Both of these assume the kernel ' .config' file is in /usr/src/linux.

In the menu you are presented, you will need to find tuplip and set it to *.  It's in device drivers-->network support -->ENET 10/100-->Tuplip

The other way is to edit /usr/src/linux/.config  (or whatever you have) and change them as I said earlier.

Read this excellent howto before you proceed http://www.gentoo.org/doc/en/kernel-upgrade.xml

Remember to back up you /boot folder prior to doing this.

----------

## d2_racing

If you need help with the compilation of the kernel, just post here  :Smile: 

----------

## 181992

Ok, once I run menuconfig in genkernel and get the menu screen, how do I select the correct area to enable the TUPLIP thing?
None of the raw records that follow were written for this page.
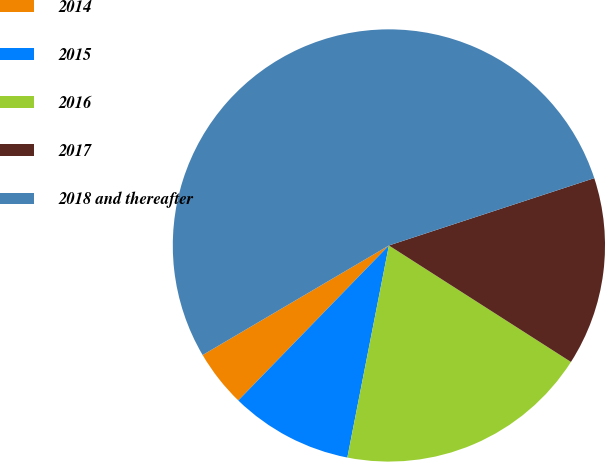Convert chart to OTSL. <chart><loc_0><loc_0><loc_500><loc_500><pie_chart><fcel>2014<fcel>2015<fcel>2016<fcel>2017<fcel>2018 and thereafter<nl><fcel>4.27%<fcel>9.19%<fcel>19.02%<fcel>14.1%<fcel>53.42%<nl></chart> 
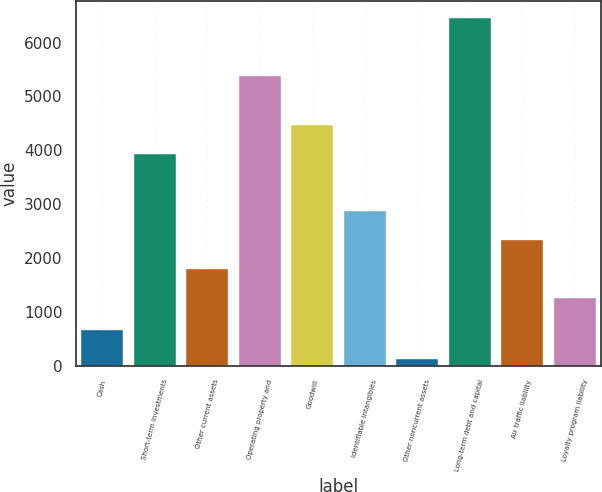Convert chart to OTSL. <chart><loc_0><loc_0><loc_500><loc_500><bar_chart><fcel>Cash<fcel>Short-term investments<fcel>Other current assets<fcel>Operating property and<fcel>Goodwill<fcel>Identifiable intangibles<fcel>Other noncurrent assets<fcel>Long-term debt and capital<fcel>Air traffic liability<fcel>Loyalty program liability<nl><fcel>660.6<fcel>3934<fcel>1791.6<fcel>5383<fcel>4469.6<fcel>2862.8<fcel>125<fcel>6454.2<fcel>2327.2<fcel>1256<nl></chart> 
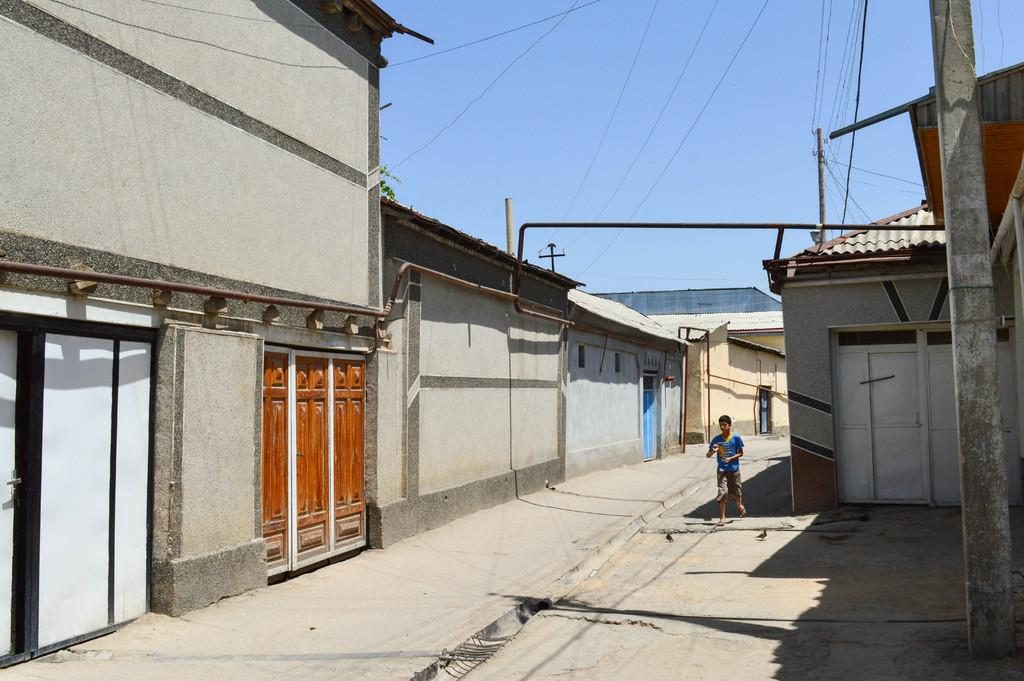What type of structures can be seen in the image? There are buildings in the image. What else can be seen in the image besides the buildings? There are poles and wires in the image. What is the person in the image doing? There is a person running in the center of the image. Can you tell me how many mittens are being worn by the person running in the image? There are no mittens present in the image; the person is running without any gloves or mittens. What type of error is being corrected by the person running in the image? There is no indication of an error or correction in the image; the person is simply running. 
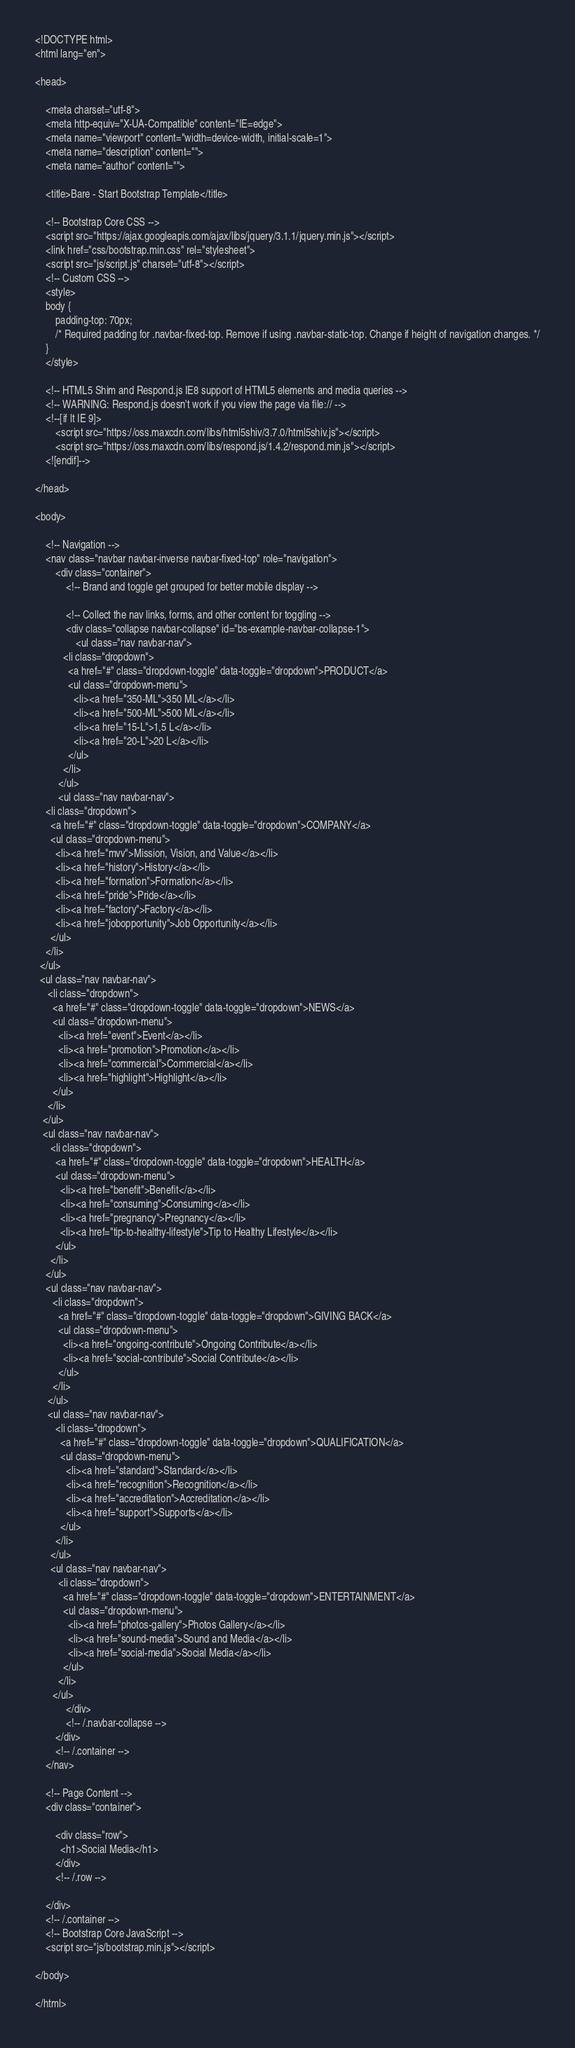<code> <loc_0><loc_0><loc_500><loc_500><_PHP_><!DOCTYPE html>
<html lang="en">

<head>

    <meta charset="utf-8">
    <meta http-equiv="X-UA-Compatible" content="IE=edge">
    <meta name="viewport" content="width=device-width, initial-scale=1">
    <meta name="description" content="">
    <meta name="author" content="">

    <title>Bare - Start Bootstrap Template</title>

    <!-- Bootstrap Core CSS -->
    <script src="https://ajax.googleapis.com/ajax/libs/jquery/3.1.1/jquery.min.js"></script>
    <link href="css/bootstrap.min.css" rel="stylesheet">
    <script src="js/script.js" charset="utf-8"></script>
    <!-- Custom CSS -->
    <style>
    body {
        padding-top: 70px;
        /* Required padding for .navbar-fixed-top. Remove if using .navbar-static-top. Change if height of navigation changes. */
    }
    </style>

    <!-- HTML5 Shim and Respond.js IE8 support of HTML5 elements and media queries -->
    <!-- WARNING: Respond.js doesn't work if you view the page via file:// -->
    <!--[if lt IE 9]>
        <script src="https://oss.maxcdn.com/libs/html5shiv/3.7.0/html5shiv.js"></script>
        <script src="https://oss.maxcdn.com/libs/respond.js/1.4.2/respond.min.js"></script>
    <![endif]-->

</head>

<body>

    <!-- Navigation -->
    <nav class="navbar navbar-inverse navbar-fixed-top" role="navigation">
        <div class="container">
            <!-- Brand and toggle get grouped for better mobile display -->

            <!-- Collect the nav links, forms, and other content for toggling -->
            <div class="collapse navbar-collapse" id="bs-example-navbar-collapse-1">
                <ul class="nav navbar-nav">
           <li class="dropdown">
             <a href="#" class="dropdown-toggle" data-toggle="dropdown">PRODUCT</a>
             <ul class="dropdown-menu">
               <li><a href="350-ML">350 ML</a></li>
               <li><a href="500-ML">500 ML</a></li>
               <li><a href="15-L">1,5 L</a></li>
               <li><a href="20-L">20 L</a></li>
             </ul>
           </li>
         </ul>
         <ul class="nav navbar-nav">
    <li class="dropdown">
      <a href="#" class="dropdown-toggle" data-toggle="dropdown">COMPANY</a>
      <ul class="dropdown-menu">
        <li><a href="mvv">Mission, Vision, and Value</a></li>
        <li><a href="history">History</a></li>
        <li><a href="formation">Formation</a></li>
        <li><a href="pride">Pride</a></li>
        <li><a href="factory">Factory</a></li>
        <li><a href="jobopportunity">Job Opportunity</a></li>
      </ul>
    </li>
  </ul>
  <ul class="nav navbar-nav">
     <li class="dropdown">
       <a href="#" class="dropdown-toggle" data-toggle="dropdown">NEWS</a>
       <ul class="dropdown-menu">
         <li><a href="event">Event</a></li>
         <li><a href="promotion">Promotion</a></li>
         <li><a href="commercial">Commercial</a></li>
         <li><a href="highlight">Highlight</a></li>
       </ul>
     </li>
   </ul>
   <ul class="nav navbar-nav">
      <li class="dropdown">
        <a href="#" class="dropdown-toggle" data-toggle="dropdown">HEALTH</a>
        <ul class="dropdown-menu">
          <li><a href="benefit">Benefit</a></li>
          <li><a href="consuming">Consuming</a></li>
          <li><a href="pregnancy">Pregnancy</a></li>
          <li><a href="tip-to-healthy-lifestyle">Tip to Healthy Lifestyle</a></li>
        </ul>
      </li>
    </ul>
    <ul class="nav navbar-nav">
       <li class="dropdown">
         <a href="#" class="dropdown-toggle" data-toggle="dropdown">GIVING BACK</a>
         <ul class="dropdown-menu">
           <li><a href="ongoing-contribute">Ongoing Contribute</a></li>
           <li><a href="social-contribute">Social Contribute</a></li>
         </ul>
       </li>
     </ul>
     <ul class="nav navbar-nav">
        <li class="dropdown">
          <a href="#" class="dropdown-toggle" data-toggle="dropdown">QUALIFICATION</a>
          <ul class="dropdown-menu">
            <li><a href="standard">Standard</a></li>
            <li><a href="recognition">Recognition</a></li>
            <li><a href="accreditation">Accreditation</a></li>
            <li><a href="support">Supports</a></li>
          </ul>
        </li>
      </ul>
      <ul class="nav navbar-nav">
         <li class="dropdown">
           <a href="#" class="dropdown-toggle" data-toggle="dropdown">ENTERTAINMENT</a>
           <ul class="dropdown-menu">
             <li><a href="photos-gallery">Photos Gallery</a></li>
             <li><a href="sound-media">Sound and Media</a></li>
             <li><a href="social-media">Social Media</a></li>
           </ul>
         </li>
       </ul>
            </div>
            <!-- /.navbar-collapse -->
        </div>
        <!-- /.container -->
    </nav>

    <!-- Page Content -->
    <div class="container">

        <div class="row">
          <h1>Social Media</h1>
        </div>
        <!-- /.row -->

    </div>
    <!-- /.container -->
    <!-- Bootstrap Core JavaScript -->
    <script src="js/bootstrap.min.js"></script>

</body>

</html>
</code>

I assume that it would be under Networking somewhere??

Thanks

----------

## jcat

 *mjf55 wrote:*   

> josh, based on your lspci, you have a linksys NC100 card, not a Realtek.  Where did you get the Realtex information from?
> 
> 

 

That's a 10/100 NIC which indicates that it's the Ethernet NIC not the WiFi NIC.

Cheers,

jcat

----------

## mjf55

josh, to quote myself...

 *mjf55 wrote:*   

> 
> 
> In the menu you are presented, you will need to find tuplip and set it to *.  It's in device drivers-->network support -->ENET 10/100-->Tuplip

 

Follow these menu items.  start menuconfig as I mentioned before.

On the main page, look for device drivers.  bring the cursor down to hit and press enter.

Now you are on the device drivers page.  Bring the cursor down to network support and press enter.

Now you are on the network support page.  Bring the cursor down to ENET 10/100 and press enter.

Now you are on the ENET 10/100 page.  Bring the cursor to Tulip and press enter.

Now you are on the Tulip page.  Bring the cursor to Tulip family (probably the only thing on the page.  press SPACE BAR to select.  You should see an <*> in Tulip family and a bunch of cards with <M>.

Now you are all set.  exit a page at a time, select save when asked, and the start compiling the kernel

That should do it.  Any problems, just ask..........

----------

## 181992

ok, I did everything you said, and I am compiling the Kernel now.

However, when I got to the Tuplip settings it was already selected; therefore, I do not know if this will actually make any difference.

I will let you know though.

Thanks!

Josh

----------